En mayo de 1959, durante un concierto en Greenwich Village sus problemas hepáticos y cardíacos le pasaron factura y tras cantar sólo dos temas tuvo que recibir ayuda para bajar del escenario. A la semana entró en coma. Ya en el hospital, la policía la acusó de tenencia de heroína y la sometió a arresto domiciliario. Los agentes apostados en la puerta de su habitación esperaron en vano: el 17 de julio, a los 44 años y tras una leve mejoría, Billie Holiday moría de una infección en el hígado. Un dato ilustra su soledad y su desconfianza hacia el mundo: al morir, sólo tenía setenta centavos en su cuenta de banco, pero los enfermeros que se ocuparon de su cuerpo encontraron 750 dólares sujetados con cinta adhesiva a una de sus piernas.

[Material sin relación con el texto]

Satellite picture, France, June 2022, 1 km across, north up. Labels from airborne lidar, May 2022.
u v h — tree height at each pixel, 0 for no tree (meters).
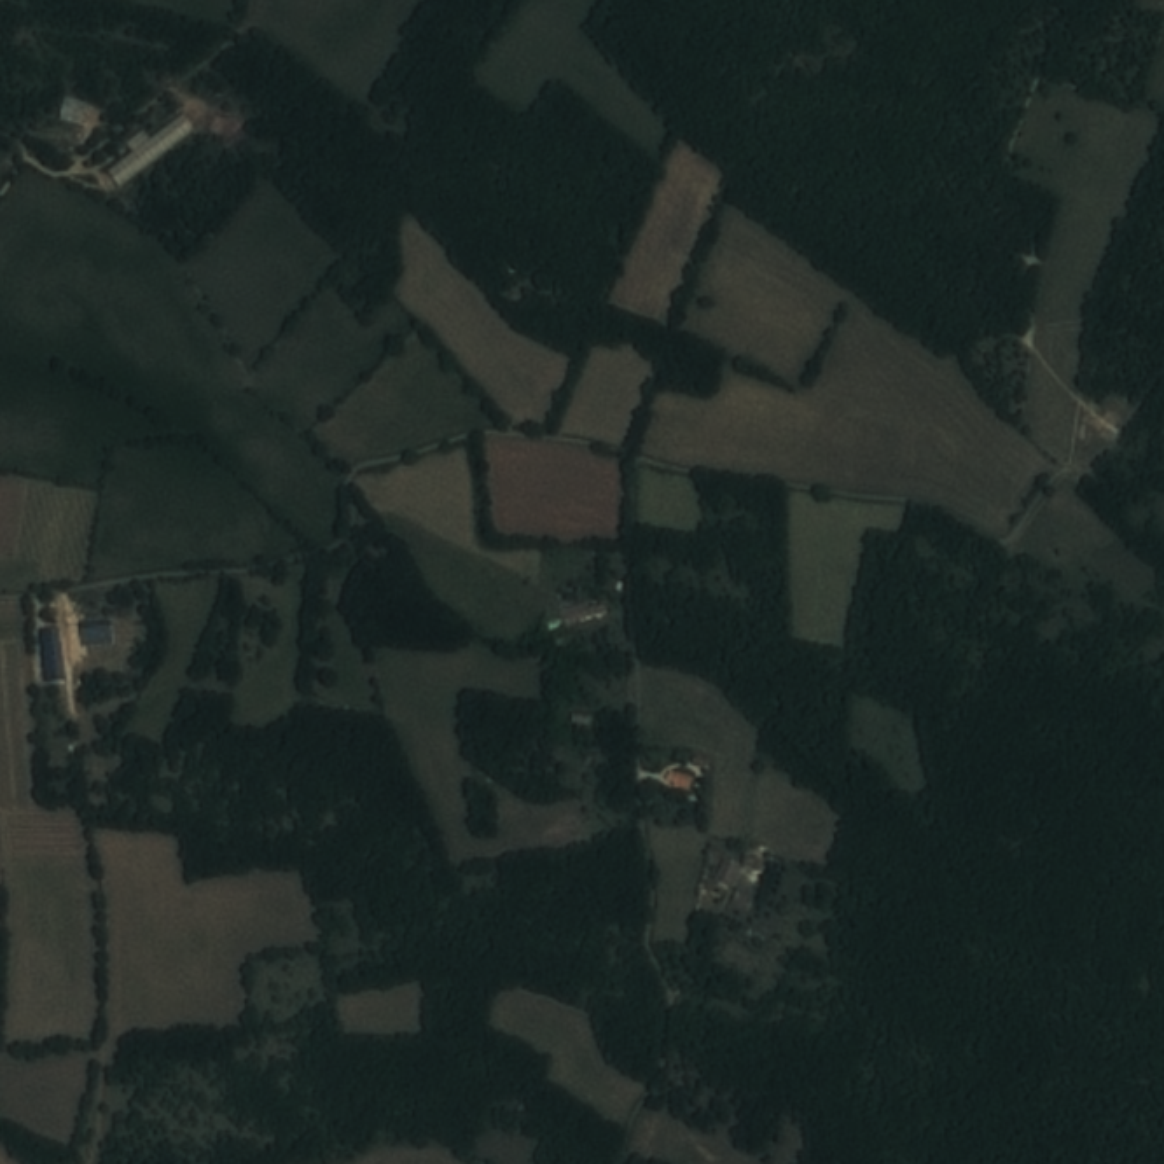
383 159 12
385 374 0
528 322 12
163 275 0
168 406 0
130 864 0
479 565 0
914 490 0
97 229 0
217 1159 11
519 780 8
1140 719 11
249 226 0
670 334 14
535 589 0
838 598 0
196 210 9
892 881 14
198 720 11
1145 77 10
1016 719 7
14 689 0
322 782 11
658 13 14
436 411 0
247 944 0
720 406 0
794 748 10
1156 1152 11
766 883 12
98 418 0
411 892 11
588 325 13
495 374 0
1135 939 11
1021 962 9
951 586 10
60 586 9
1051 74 13
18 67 6
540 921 8
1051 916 10
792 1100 12
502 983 14
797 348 0
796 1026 9
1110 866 11
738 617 12
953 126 11
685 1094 9
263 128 11
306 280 0
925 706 15
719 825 0
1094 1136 14
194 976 0
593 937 7
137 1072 9
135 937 0
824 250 10
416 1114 9
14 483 0
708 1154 0
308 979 0
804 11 9
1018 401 11
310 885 10
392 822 11
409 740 0
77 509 0
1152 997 8
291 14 0
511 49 0
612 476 0
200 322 0
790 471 0
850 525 0
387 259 11
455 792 0
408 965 13
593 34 15
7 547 0
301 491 0
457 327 0
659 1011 7
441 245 12
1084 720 9
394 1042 11
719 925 11
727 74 6
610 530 0
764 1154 9
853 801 16
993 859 9
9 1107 0
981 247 10
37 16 7
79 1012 0
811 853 0
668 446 0
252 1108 8
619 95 0
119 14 8
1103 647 8
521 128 11
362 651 9
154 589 8
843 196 10
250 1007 6
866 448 0
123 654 0
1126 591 0
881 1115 10
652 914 11
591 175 11
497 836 10
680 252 0
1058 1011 10
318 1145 8
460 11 15
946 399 0
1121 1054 10
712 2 11
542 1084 13
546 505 0
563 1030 0
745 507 7
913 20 12
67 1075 0
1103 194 0
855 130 10
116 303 0
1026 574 7
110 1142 11
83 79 7
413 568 12
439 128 12
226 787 7
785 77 10
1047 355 0
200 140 8
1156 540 9
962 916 13
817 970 9
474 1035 12
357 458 0
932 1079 10
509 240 14
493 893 9
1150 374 11
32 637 8
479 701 15
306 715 12
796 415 0
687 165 0
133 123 8
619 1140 14
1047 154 0
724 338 0
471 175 11
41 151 9
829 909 13
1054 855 8
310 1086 8
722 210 13
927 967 12
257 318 0
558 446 0
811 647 12
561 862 10
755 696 14
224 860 12
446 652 12
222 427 0
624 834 9
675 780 0
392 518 0
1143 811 10
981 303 11
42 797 14
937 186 12
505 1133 8
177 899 0
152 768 8
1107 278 11
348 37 0
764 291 0
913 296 9
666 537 13
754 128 6
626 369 0
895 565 9
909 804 13
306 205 13
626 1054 9
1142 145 0
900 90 9
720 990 13
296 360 0
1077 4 12
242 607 8
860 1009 7
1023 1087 11
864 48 9
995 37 14
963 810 9
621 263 13
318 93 11
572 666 9
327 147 13
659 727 0
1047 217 13
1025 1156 11
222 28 9
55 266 0
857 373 0
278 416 7
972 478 0
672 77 13
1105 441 0
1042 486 9
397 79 13
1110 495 6
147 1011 0
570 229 11
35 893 0
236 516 0
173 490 0
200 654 9
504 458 0
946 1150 11
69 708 0
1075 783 10
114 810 9
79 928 0
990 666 9
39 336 0

"Tengo una teoría acerca de Billie que colisiona con las explicaciones convencionales acerca de su vida y su tiempo -escribió después Leonard Feather, un crítico que estuvo cerca de ella en sus últimos años-. Creo que si hubiera sido sacada del entorno que se la estaba tragando lentamente, el fin no hubiera llegado cuando llegó y su modo vívido y dulce de torcer la melodía podría ser aún parte de nuestra vida."

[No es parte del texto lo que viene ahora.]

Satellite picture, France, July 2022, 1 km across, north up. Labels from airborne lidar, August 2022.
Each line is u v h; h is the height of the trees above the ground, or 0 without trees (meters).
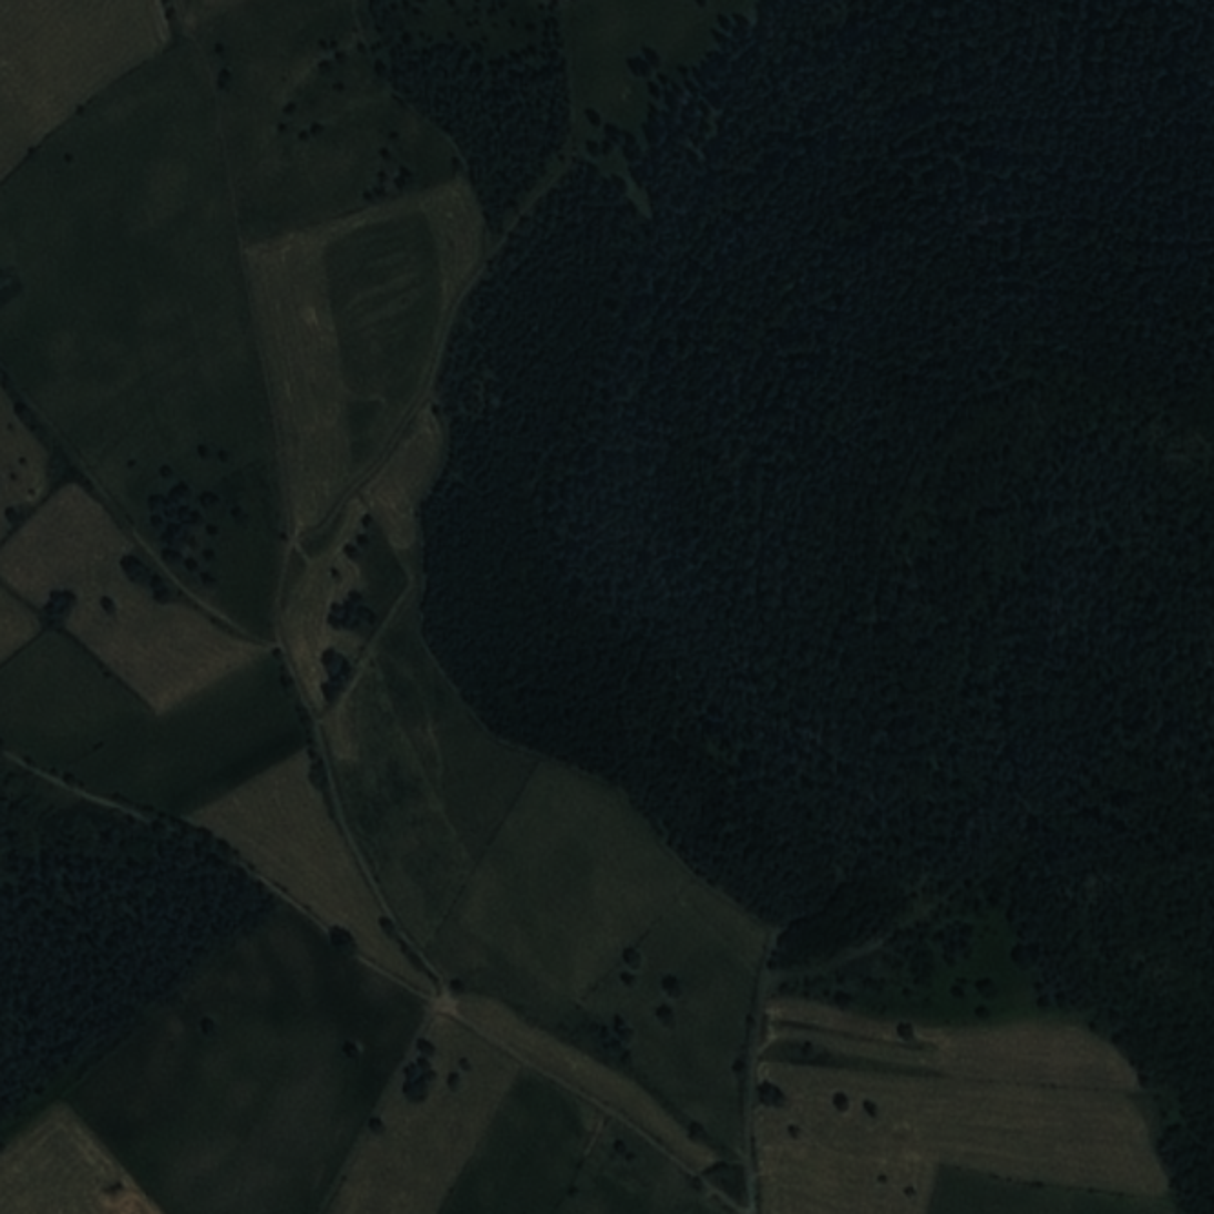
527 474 11
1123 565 13
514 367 11
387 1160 0
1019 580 14
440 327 0
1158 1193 0
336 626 13
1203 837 10
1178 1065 11
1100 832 12
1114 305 18
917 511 14
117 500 0
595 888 0
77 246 0
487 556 11
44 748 0
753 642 19
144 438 0
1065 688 23
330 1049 0
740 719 14
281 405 0
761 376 19
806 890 8
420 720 0
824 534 23
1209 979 9
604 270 11
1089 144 29
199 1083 0
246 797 0
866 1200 0
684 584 24
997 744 15
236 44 0
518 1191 0
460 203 0
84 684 0
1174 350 22
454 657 12
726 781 10
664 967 0
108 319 0
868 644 20
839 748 22
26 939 25
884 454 16
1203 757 12
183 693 0
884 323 23
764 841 10
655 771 11
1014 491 11
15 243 0
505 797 0
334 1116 0
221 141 0
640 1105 0
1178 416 7
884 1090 0
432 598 11
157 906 14
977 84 28
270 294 0
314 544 0
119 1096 0
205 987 0
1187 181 26
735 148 16
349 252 0
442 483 9
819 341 19
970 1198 0
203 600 0
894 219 11
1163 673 17
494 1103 0
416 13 9
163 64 0
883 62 25
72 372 0
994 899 17
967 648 16
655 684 10
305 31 0
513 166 12
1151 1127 0
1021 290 27
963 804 13
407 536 0
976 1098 0
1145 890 11
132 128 0
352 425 0
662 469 24
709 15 0
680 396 24
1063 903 8
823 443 17
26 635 0
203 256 0
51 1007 19
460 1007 0
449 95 17
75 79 0
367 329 0
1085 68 27
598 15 0
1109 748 18
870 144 23
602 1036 10
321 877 0
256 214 0
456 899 0
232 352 0
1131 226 18
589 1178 0
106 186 0
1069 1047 0
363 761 0
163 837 10
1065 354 19
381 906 0
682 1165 0
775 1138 0

Su "sueño dorado" había sido tener una gran casa de campo "donde cuidar perros extraviados y niños huérfanos". Por supuesto, no lo alcanzó nunca. Tuvo en cambio una vida trágica y tal vez más sórdida de lo que se creía, según revela Con Billie , una reciente biografía de Julia Blackburn que recoge las entrevistas que hizo Linda Kuehl a músicos, amigos y conocidos en la década del setenta. De cualquier modo, cantó hasta el final. Queda el testimonio de sus últimas grabaciones. Allí llevo su arte al extremo y conjugó intensidad emocional con una superlativa y obligada economía de medios. La última Billie Holiday, apenas un hilo de voz, canta con una tristeza inconmensurable desde una distancia sideral. Como lo había hecho siempre.